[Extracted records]
+---+

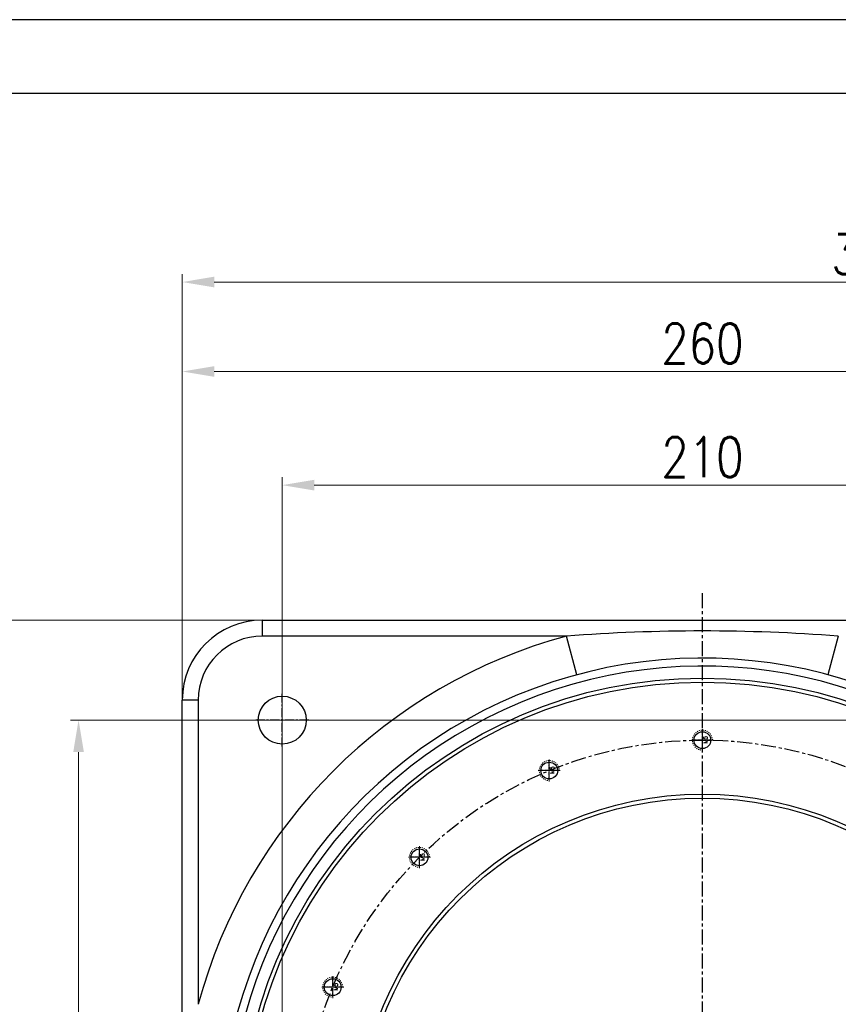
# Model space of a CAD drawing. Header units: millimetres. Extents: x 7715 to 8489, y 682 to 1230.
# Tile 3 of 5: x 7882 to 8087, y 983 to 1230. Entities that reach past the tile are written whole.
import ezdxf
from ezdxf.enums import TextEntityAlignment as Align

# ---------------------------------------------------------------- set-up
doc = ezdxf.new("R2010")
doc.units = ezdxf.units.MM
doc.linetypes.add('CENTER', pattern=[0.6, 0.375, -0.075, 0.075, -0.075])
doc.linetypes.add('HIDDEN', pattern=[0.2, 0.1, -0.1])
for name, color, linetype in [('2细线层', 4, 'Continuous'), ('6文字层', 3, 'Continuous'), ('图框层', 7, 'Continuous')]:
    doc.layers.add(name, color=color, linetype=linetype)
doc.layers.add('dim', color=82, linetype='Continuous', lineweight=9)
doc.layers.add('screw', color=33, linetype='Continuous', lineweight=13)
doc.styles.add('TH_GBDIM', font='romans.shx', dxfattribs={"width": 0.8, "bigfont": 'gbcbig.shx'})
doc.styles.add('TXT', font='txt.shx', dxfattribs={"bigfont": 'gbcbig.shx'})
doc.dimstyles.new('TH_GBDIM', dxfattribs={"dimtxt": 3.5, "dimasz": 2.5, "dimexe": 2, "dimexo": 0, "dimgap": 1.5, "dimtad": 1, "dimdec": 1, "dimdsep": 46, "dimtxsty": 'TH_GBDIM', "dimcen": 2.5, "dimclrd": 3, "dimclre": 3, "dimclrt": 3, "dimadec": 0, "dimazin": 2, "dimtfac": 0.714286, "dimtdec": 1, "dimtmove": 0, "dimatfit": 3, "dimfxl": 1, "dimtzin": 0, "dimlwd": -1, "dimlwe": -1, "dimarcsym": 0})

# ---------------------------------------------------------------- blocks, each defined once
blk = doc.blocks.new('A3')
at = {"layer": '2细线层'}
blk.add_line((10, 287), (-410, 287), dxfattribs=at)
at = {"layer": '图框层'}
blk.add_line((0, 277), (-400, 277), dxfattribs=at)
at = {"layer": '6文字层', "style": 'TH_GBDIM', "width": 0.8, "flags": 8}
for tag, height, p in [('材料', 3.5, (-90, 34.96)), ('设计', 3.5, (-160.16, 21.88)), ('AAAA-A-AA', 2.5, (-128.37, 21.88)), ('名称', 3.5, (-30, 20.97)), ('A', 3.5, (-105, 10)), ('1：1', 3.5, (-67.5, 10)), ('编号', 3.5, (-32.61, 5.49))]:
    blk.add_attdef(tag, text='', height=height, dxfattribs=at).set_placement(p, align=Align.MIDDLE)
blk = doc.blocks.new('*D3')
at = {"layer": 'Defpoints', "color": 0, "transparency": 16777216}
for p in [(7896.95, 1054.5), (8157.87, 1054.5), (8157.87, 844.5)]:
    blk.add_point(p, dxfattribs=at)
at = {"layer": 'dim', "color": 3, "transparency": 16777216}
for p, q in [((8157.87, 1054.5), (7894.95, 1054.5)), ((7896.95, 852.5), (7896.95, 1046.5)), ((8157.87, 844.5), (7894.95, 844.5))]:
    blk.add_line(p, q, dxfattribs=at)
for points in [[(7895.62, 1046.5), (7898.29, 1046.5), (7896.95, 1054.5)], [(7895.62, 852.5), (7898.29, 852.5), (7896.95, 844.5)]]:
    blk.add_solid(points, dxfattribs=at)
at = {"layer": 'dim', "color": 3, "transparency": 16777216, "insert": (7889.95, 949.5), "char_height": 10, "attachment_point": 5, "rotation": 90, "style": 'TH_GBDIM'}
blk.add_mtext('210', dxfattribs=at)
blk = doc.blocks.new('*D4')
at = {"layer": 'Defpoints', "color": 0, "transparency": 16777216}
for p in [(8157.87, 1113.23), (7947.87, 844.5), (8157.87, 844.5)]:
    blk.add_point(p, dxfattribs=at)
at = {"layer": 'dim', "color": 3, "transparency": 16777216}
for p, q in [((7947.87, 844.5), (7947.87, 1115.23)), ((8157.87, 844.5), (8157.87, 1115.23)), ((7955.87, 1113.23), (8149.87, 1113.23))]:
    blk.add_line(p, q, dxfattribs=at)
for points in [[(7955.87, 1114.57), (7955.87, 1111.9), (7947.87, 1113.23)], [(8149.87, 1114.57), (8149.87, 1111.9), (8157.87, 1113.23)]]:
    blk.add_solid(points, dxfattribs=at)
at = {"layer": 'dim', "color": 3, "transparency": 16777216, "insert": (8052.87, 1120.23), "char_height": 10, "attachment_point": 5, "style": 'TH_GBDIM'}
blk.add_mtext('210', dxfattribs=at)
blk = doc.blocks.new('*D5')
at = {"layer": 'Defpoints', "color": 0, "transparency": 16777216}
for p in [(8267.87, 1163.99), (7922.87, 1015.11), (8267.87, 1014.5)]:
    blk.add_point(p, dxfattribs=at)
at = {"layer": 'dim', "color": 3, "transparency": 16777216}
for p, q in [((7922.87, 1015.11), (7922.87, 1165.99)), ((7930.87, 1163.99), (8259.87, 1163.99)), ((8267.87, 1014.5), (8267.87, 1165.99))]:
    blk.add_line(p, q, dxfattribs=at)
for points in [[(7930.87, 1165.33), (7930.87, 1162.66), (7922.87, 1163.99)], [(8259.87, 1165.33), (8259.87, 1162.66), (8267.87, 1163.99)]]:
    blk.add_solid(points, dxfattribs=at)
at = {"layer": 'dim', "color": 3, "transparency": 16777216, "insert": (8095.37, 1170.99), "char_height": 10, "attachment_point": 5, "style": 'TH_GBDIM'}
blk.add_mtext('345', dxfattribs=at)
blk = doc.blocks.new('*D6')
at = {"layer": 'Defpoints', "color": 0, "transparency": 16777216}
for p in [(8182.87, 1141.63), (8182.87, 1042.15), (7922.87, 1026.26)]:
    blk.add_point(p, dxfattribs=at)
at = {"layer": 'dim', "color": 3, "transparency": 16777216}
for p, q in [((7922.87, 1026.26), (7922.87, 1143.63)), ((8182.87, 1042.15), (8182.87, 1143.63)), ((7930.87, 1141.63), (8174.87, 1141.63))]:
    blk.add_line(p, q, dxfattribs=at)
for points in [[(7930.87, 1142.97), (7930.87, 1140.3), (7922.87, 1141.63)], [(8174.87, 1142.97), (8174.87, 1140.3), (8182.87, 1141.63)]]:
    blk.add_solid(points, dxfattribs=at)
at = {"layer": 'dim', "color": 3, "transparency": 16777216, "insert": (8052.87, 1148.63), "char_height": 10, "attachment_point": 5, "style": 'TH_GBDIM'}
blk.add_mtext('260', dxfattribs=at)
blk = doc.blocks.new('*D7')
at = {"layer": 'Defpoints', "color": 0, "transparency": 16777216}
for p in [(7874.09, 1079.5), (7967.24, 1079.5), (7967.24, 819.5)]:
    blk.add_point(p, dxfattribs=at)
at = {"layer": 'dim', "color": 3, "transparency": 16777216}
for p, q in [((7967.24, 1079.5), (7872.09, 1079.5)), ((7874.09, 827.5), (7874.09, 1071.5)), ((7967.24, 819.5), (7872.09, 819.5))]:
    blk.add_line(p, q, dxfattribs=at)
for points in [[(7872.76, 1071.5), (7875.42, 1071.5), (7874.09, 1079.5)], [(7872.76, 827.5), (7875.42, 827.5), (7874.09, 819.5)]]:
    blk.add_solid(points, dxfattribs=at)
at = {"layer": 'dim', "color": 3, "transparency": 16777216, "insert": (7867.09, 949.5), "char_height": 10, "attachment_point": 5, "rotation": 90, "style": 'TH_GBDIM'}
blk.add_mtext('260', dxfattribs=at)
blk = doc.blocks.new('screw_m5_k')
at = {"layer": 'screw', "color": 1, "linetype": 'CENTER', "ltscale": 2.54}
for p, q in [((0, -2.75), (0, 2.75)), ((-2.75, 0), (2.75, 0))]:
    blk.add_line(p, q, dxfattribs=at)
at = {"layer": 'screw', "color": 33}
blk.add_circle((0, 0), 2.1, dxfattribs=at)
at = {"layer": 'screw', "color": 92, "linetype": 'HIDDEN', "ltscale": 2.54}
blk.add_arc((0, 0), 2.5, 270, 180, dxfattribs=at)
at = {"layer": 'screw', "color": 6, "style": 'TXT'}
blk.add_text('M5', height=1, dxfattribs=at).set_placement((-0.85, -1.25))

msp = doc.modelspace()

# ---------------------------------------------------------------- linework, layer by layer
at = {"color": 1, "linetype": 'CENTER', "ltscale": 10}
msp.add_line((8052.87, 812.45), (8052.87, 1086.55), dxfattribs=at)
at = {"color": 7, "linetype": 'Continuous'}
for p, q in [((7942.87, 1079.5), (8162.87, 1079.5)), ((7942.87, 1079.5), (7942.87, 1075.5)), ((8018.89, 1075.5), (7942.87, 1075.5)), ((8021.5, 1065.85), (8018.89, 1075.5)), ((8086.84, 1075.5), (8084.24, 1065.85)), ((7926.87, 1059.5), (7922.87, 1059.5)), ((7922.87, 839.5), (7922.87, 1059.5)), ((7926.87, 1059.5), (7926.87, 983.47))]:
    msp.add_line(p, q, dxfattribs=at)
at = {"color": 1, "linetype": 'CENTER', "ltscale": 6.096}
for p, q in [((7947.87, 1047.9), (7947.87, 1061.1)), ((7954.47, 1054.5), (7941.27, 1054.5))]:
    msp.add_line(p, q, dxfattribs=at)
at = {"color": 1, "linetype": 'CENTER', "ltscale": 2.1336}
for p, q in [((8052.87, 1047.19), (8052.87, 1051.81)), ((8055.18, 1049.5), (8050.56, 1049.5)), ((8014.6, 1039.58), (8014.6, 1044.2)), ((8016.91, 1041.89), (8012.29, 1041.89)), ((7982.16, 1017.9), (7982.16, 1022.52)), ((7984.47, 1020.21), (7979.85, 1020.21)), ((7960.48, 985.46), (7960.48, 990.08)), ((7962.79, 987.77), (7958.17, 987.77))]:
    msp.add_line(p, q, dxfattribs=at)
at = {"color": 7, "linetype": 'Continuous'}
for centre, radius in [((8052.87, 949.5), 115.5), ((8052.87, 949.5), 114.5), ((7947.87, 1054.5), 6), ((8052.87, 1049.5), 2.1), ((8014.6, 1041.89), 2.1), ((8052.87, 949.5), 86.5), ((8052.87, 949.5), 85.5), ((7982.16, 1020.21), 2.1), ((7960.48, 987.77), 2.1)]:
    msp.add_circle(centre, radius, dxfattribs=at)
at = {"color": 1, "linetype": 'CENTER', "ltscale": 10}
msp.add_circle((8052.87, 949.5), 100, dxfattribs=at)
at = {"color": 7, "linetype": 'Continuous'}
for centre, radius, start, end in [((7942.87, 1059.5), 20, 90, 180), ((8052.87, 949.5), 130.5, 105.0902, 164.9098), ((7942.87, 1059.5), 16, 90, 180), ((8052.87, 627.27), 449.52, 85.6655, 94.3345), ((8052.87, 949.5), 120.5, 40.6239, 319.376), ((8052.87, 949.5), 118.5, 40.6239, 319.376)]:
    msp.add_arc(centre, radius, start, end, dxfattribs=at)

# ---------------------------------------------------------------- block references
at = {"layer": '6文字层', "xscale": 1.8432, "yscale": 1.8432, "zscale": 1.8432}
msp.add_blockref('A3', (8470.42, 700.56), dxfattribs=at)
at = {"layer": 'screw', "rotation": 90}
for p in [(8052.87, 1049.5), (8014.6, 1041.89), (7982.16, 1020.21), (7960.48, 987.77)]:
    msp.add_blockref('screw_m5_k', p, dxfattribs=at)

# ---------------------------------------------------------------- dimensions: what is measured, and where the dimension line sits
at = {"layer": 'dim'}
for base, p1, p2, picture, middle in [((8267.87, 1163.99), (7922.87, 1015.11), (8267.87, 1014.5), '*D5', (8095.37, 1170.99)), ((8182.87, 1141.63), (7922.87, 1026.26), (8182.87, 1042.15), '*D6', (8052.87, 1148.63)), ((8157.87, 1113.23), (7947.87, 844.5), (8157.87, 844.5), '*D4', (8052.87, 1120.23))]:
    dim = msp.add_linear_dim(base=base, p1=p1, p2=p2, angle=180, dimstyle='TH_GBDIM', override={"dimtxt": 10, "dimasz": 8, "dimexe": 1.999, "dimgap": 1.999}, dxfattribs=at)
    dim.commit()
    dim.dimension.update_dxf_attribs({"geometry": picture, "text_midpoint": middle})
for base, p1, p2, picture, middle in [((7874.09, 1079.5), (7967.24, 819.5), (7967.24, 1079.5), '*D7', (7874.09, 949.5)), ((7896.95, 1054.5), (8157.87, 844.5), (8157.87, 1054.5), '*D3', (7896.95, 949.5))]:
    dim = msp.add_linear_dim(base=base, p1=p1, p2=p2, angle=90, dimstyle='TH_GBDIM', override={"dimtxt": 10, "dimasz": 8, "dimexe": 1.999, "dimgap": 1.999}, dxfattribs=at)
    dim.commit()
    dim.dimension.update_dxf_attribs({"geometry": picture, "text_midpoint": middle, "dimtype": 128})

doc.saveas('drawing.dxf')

+---+

• **WHAT THE EXERCISE ASKS**
Filter the entries above down to the lines that contain the word "width".

• **OUTPUT OF THE EXERCISE**
doc.styles.add('TH_GBDIM', font='romans.shx', dxfattribs={"width": 0.8, "bigfont": 'gbcbig.shx'})
at = {"layer": '6文字层', "style": 'TH_GBDIM', "width": 0.8, "flags": 8}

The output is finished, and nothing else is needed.